– Мне бы доктора Бергмана… – сказал Иван после того, как показал документ и объяснил цель своего визита.
– Он на вскрытии. Подождать придется, – сказал Савва.
– Ладно, – смирился Опалин. – А кто это сейчас ушел?
– Тело опознавали. Сын ее, мальчишка совсем. Под трамвай попал, вагон его еще по рельсам волок, прежде чем остановился. Сам понимаешь, как все это выглядит.
– Надо было одного отца вызвать для опознания, – не удержавшись, буркнул Иван.
– Так у него другая семья давно. Тот, кто с ней пришел, папаша ейный. – Савва подумал, как бы еще поддержать светский разговор, и прибег к универсальному средству: – Куришь?

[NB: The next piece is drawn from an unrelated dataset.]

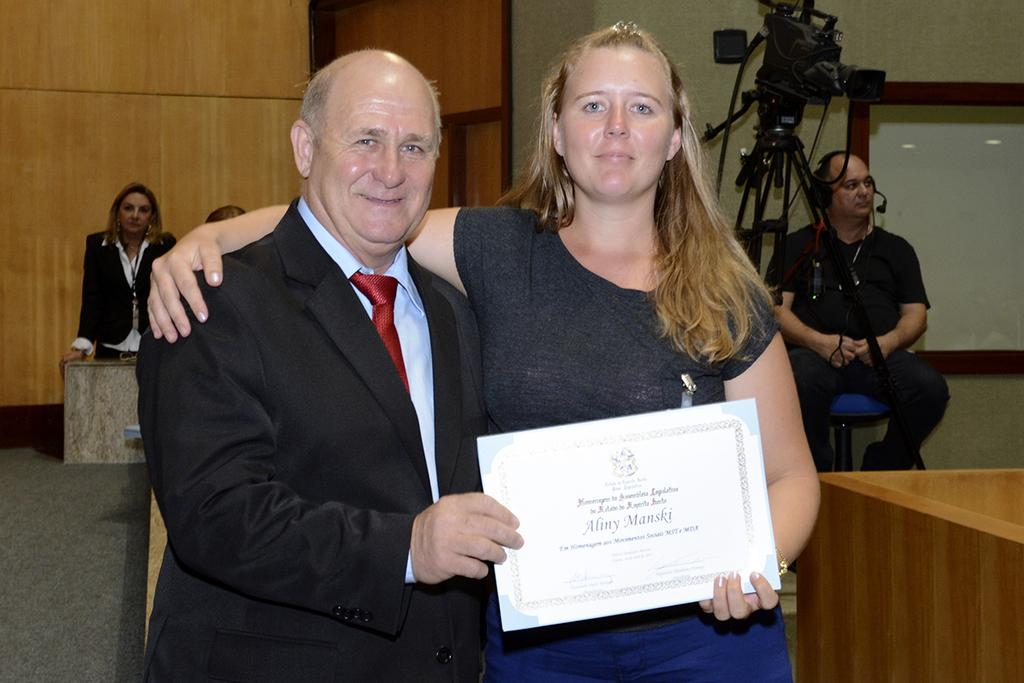What is the woman in the image holding? The woman is holding a certificate in the image. What is the woman wearing in the image? The woman is wearing a t-shirt and trousers in the image. Can you describe the man in the image? The man is wearing a tie, shirt, and coat in the image. What might the woman have achieved, based on the presence of the certificate? The woman might have achieved a milestone or received recognition, as indicated by the certificate. What type of wound can be seen on the woman's arm in the image? There is no wound visible on the woman's arm in the image. What kind of beast is present in the image? There is no beast present in the image.

Опалин не чувствовал потребности в папиросе, но все же кивнул. Хорошо ли курить в аду? Он бы предпочел выскочить на улицу, глотнуть свежего воздуха, добежать до автомобиля и больше никогда сюда не возвращаться. И в то же время его не отпускала мысль: если он совершит ошибку из разряда тех, которые стоят жизни, то не исключено, что попадет сюда и именно Савва будет везти его труп по коридорам на скрипучей каталке, а потом специальным фиолетовым карандашом писать номер на закоченевшей ступне.
– Что за книга? – спросил служитель после того, как они успели несколько раз затянуться.
Опалин совсем забыл про словарь, который держал под мышкой:
– А… Так. Нужно. Для дела…
В недрах ада что-то загромыхало, послышались недовольные голоса. Савва навострил уши.
– Студентик какой-нибудь в обморок упал, – пояснил он. – Который в первый раз на вскрытии… Еще небось инструментарий опрокинул. Охохонюшки…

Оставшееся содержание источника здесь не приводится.